PRESIDENTIAL LIFE INSURANCE COMPANY

2012 DISCRETIONARY BONUS PLAN

ARTICLE I

INTRODUCTION

The purpose of the Plan is to provide certain select employees of the Company and its Affiliates with a bonus payment, subject to certain terms and conditions.

ARTICLE II

DEFINITIONS

For purposes of the Plan, the following terms shall have the following meanings:

2.1 “Affiliate” shall mean (i) any parent corporation of the Company within the meaning of Section 424(e) of the Code; (ii) any subsidiary corporation of the Company within the meaning of Section 424(f) of the Code; (iii) any corporation, trade or business that is directly or indirectly controlled 50% or more (whether by ownership of stock, assets or an equivalent ownership interest or voting interest) by the Company or one of its Affiliates; (iv) any corporation, trade or business (including, without limitation, a partnership or limited liability company) that directly or indirectly controls 50% or more (whether by ownership of stock, assets or an equivalent ownership interest or voting interest) of the Company; and (v) any other entity in which the Company or any of its Affiliates has a material equity interest and that is designated as an “Affiliate” by resolution of the Board.

2.2 “Board” shall mean the Compensation Committee of the Board of Directors of the Company (or such other committee of the Board of Directors of the Company authorized to administer the Plan).

2.3 “Cause” shall mean: (i) any act of fraud, misrepresentation, malfeasance, embezzlement, misappropriation, material dishonesty or conversion by a Participant; (ii) indictment for, conviction of, or pleading of guilty or nolo contendere to any felony or any crime involving moral turpitude; (iii) a material breach of (A) any material agreement between a Participant and the Presidential Life Group; (B) the Company’s code of conduct; or (C) the Company’s written policies or procedures; (iv) a material violation of any legal obligation owed to the Company or the Presidential Life Group; (v) continued refusal to substantially perform assigned duties (other than due to physical or mental illness) or a pattern of performance the Company determines in its judgment to be unsatisfactory and adversely impacting the business; or (vi) material misconduct or material neglect in the performance of a Participant’s duties.

2.4 “Code” shall mean the Internal Revenue Code of 1986, as amended.
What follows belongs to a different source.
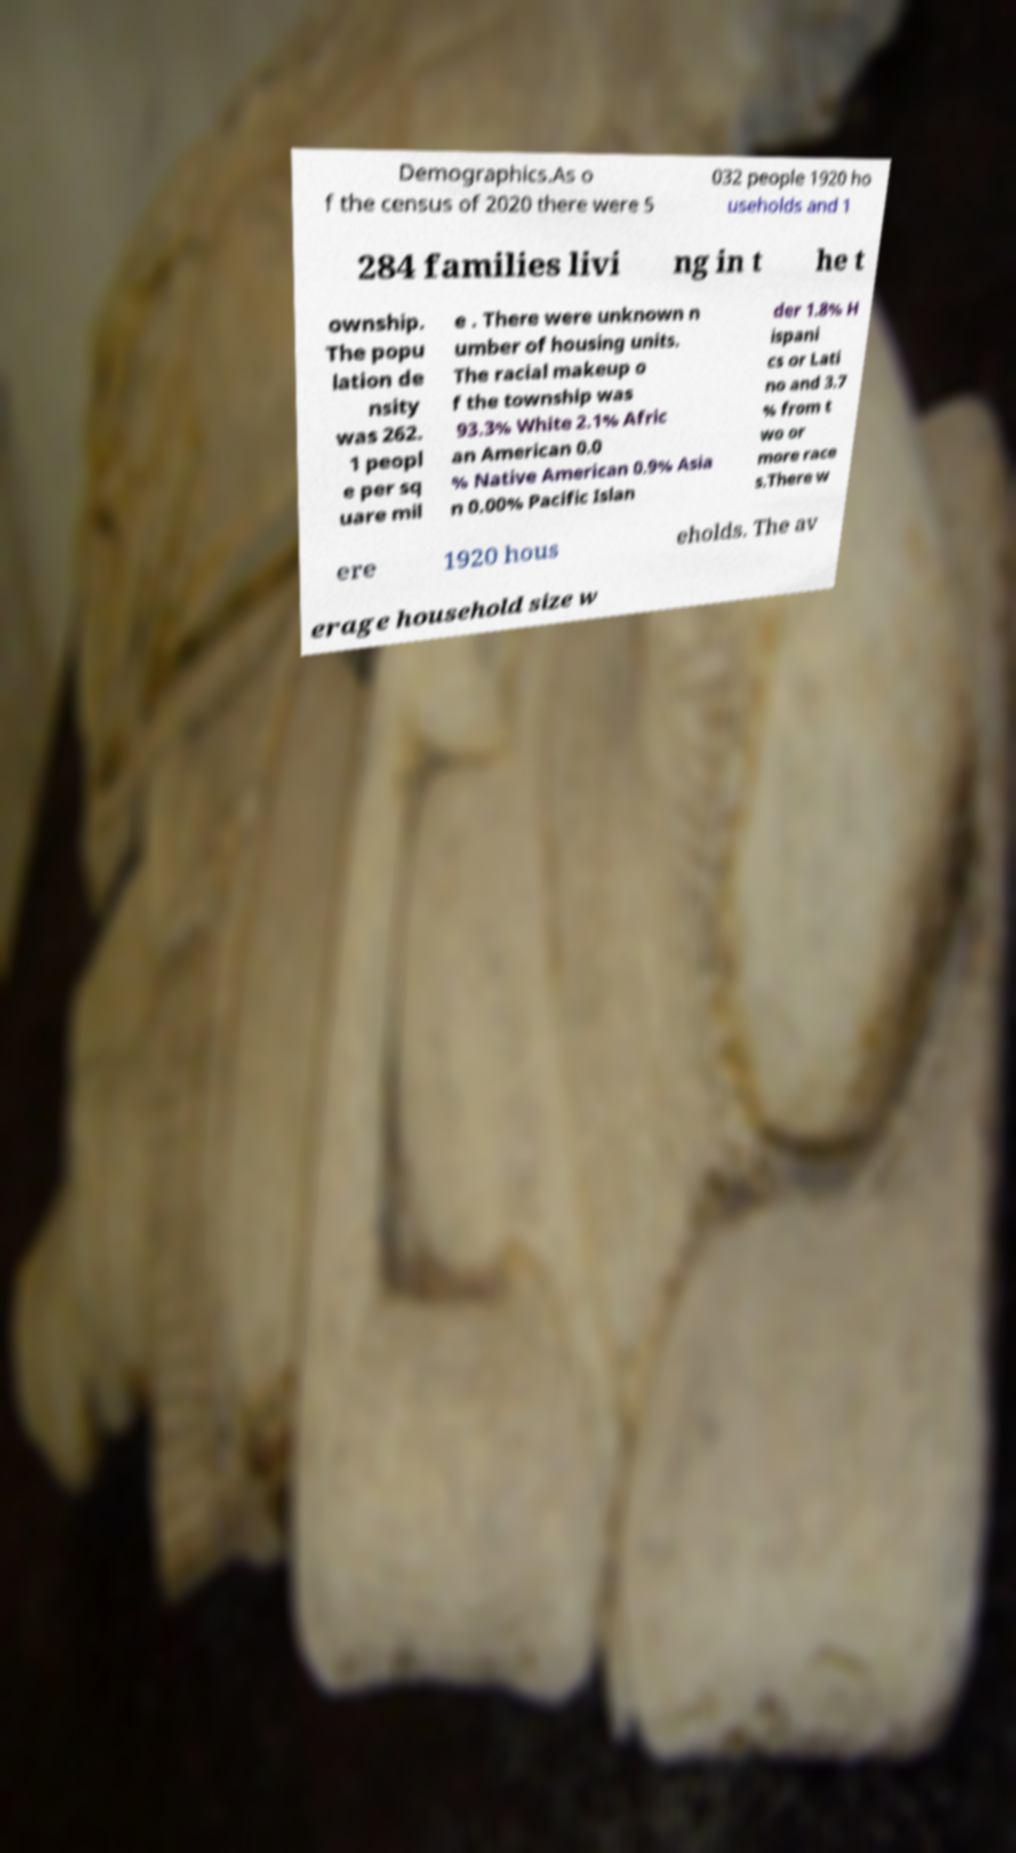Could you assist in decoding the text presented in this image and type it out clearly? Demographics.As o f the census of 2020 there were 5 032 people 1920 ho useholds and 1 284 families livi ng in t he t ownship. The popu lation de nsity was 262. 1 peopl e per sq uare mil e . There were unknown n umber of housing units. The racial makeup o f the township was 93.3% White 2.1% Afric an American 0.0 % Native American 0.9% Asia n 0.00% Pacific Islan der 1.8% H ispani cs or Lati no and 3.7 % from t wo or more race s.There w ere 1920 hous eholds. The av erage household size w

Any reference to any section of the Code shall also be a reference to any successor provision and any proposed, temporary or final regulations or any other guidance issued by the Secretary of the Treasury and the Internal Revenue Service with respect thereto.

2.5 “Company” shall mean Presidential Life Insurance Company, a Delaware corporation, and its successors by operation of law.
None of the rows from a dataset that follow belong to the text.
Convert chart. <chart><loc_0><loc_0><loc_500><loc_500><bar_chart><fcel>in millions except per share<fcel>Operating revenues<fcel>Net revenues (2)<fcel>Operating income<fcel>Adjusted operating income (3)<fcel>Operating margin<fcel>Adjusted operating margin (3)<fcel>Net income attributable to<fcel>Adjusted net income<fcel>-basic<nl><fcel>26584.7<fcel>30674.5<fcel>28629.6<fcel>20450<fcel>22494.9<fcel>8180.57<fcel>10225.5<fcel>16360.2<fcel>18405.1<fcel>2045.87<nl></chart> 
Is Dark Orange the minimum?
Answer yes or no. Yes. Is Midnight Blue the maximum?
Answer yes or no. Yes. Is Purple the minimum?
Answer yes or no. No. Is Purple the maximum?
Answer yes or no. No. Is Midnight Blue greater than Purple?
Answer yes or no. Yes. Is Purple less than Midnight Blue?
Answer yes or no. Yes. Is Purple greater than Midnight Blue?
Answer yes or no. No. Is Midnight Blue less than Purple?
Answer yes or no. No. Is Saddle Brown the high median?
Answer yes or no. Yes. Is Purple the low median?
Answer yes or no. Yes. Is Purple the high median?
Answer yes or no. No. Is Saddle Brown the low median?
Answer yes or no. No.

2.6 “Disability” shall mean that the Participant shall fail, because of physical or mental infirmity or similar incapacity, to render for one hundred eighty consecutive days, or for shorter periods aggregating one hundred eighty or more days in any twelve-month period, material services to the Company.
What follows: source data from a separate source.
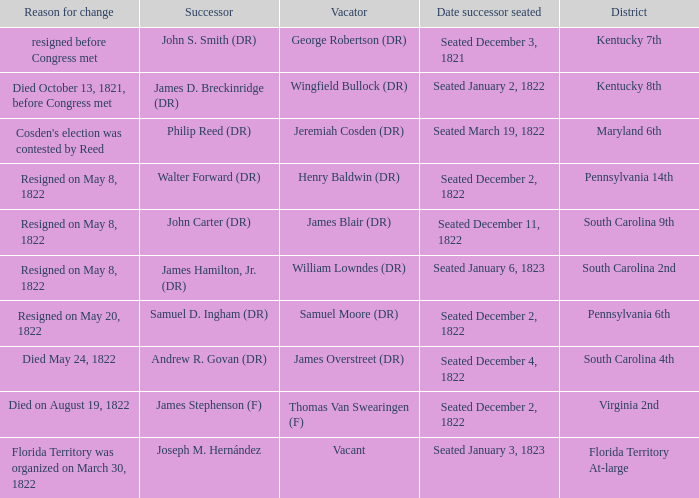Who is the person relinquishing when south carolina 4th is the district? James Overstreet (DR). 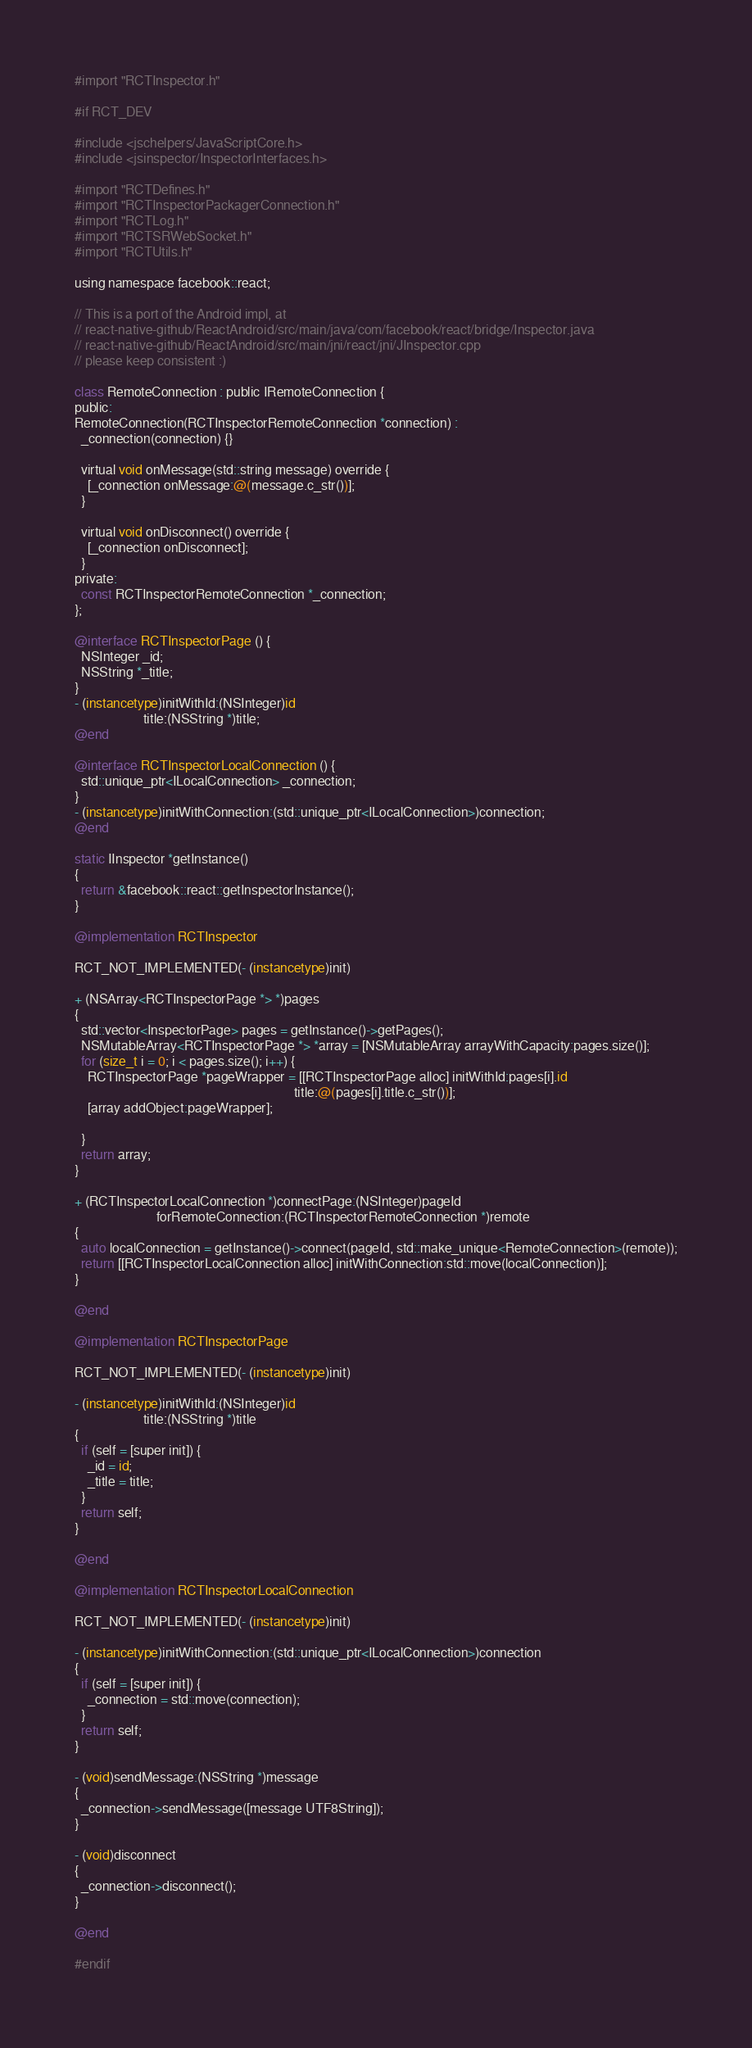Convert code to text. <code><loc_0><loc_0><loc_500><loc_500><_ObjectiveC_>
#import "RCTInspector.h"

#if RCT_DEV

#include <jschelpers/JavaScriptCore.h>
#include <jsinspector/InspectorInterfaces.h>

#import "RCTDefines.h"
#import "RCTInspectorPackagerConnection.h"
#import "RCTLog.h"
#import "RCTSRWebSocket.h"
#import "RCTUtils.h"

using namespace facebook::react;

// This is a port of the Android impl, at
// react-native-github/ReactAndroid/src/main/java/com/facebook/react/bridge/Inspector.java
// react-native-github/ReactAndroid/src/main/jni/react/jni/JInspector.cpp
// please keep consistent :)

class RemoteConnection : public IRemoteConnection {
public:
RemoteConnection(RCTInspectorRemoteConnection *connection) :
  _connection(connection) {}

  virtual void onMessage(std::string message) override {
    [_connection onMessage:@(message.c_str())];
  }

  virtual void onDisconnect() override {
    [_connection onDisconnect];
  }
private:
  const RCTInspectorRemoteConnection *_connection;
};

@interface RCTInspectorPage () {
  NSInteger _id;
  NSString *_title;
}
- (instancetype)initWithId:(NSInteger)id
                     title:(NSString *)title;
@end

@interface RCTInspectorLocalConnection () {
  std::unique_ptr<ILocalConnection> _connection;
}
- (instancetype)initWithConnection:(std::unique_ptr<ILocalConnection>)connection;
@end

static IInspector *getInstance()
{
  return &facebook::react::getInspectorInstance();
}

@implementation RCTInspector

RCT_NOT_IMPLEMENTED(- (instancetype)init)

+ (NSArray<RCTInspectorPage *> *)pages
{
  std::vector<InspectorPage> pages = getInstance()->getPages();
  NSMutableArray<RCTInspectorPage *> *array = [NSMutableArray arrayWithCapacity:pages.size()];
  for (size_t i = 0; i < pages.size(); i++) {
    RCTInspectorPage *pageWrapper = [[RCTInspectorPage alloc] initWithId:pages[i].id
                                                                   title:@(pages[i].title.c_str())];
    [array addObject:pageWrapper];

  }
  return array;
}

+ (RCTInspectorLocalConnection *)connectPage:(NSInteger)pageId
                         forRemoteConnection:(RCTInspectorRemoteConnection *)remote
{
  auto localConnection = getInstance()->connect(pageId, std::make_unique<RemoteConnection>(remote));
  return [[RCTInspectorLocalConnection alloc] initWithConnection:std::move(localConnection)];
}

@end

@implementation RCTInspectorPage

RCT_NOT_IMPLEMENTED(- (instancetype)init)

- (instancetype)initWithId:(NSInteger)id
                     title:(NSString *)title
{
  if (self = [super init]) {
    _id = id;
    _title = title;
  }
  return self;
}

@end

@implementation RCTInspectorLocalConnection

RCT_NOT_IMPLEMENTED(- (instancetype)init)

- (instancetype)initWithConnection:(std::unique_ptr<ILocalConnection>)connection
{
  if (self = [super init]) {
    _connection = std::move(connection);
  }
  return self;
}

- (void)sendMessage:(NSString *)message
{
  _connection->sendMessage([message UTF8String]);
}

- (void)disconnect
{
  _connection->disconnect();
}

@end

#endif
</code>

2.7 “Discretionary Bonus” shall mean the amount payable pursuant to Section 3.1.

2.8 “Effective Date” shall have the meaning set forth in Section 6.10 of the Plan.

2.9 “Good Reason” shall mean any one or more of the following that have occurred without a Participant’s written consent: (a) any material diminution of a Participant’s base salary or (b) the material relocation of a Participant’s office from its current location by more than 50 miles.

2.10 “Merger” shall mean the consummation of the acquisition of the Company by Athene Annuity & Life Assurance Company (“Athene”).

2.11 “Parent” shall mean Presidential Life Corporation.

2.12 “Participant” shall mean each employee of the Company or its Affiliates that is selected by the Board in its sole discretion who, in the judgment of the Board in its sole discretion, occupies a managerial position or is a highly compensated employee, and designated as a Participant by the Board in a Participation Notification Letter; provided that such designated individual shall only become a Participant upon the Company’s receipt of a fully executed Participation Notification Letter from the individual.

2.13 “Participation Notification Letter” shall mean the letter from the Board informing an employee of the Company or an Affiliate of his or her selection as a Participant in the Plan and setting forth the Participant’s Discretionary Bonus and such other terms and conditions included in such letter by the Board in its sole discretion.

2.14 “Plan” shall mean this Presidential Life Insurance Company 2012 Discretionary Bonus Plan, as amended from time to time.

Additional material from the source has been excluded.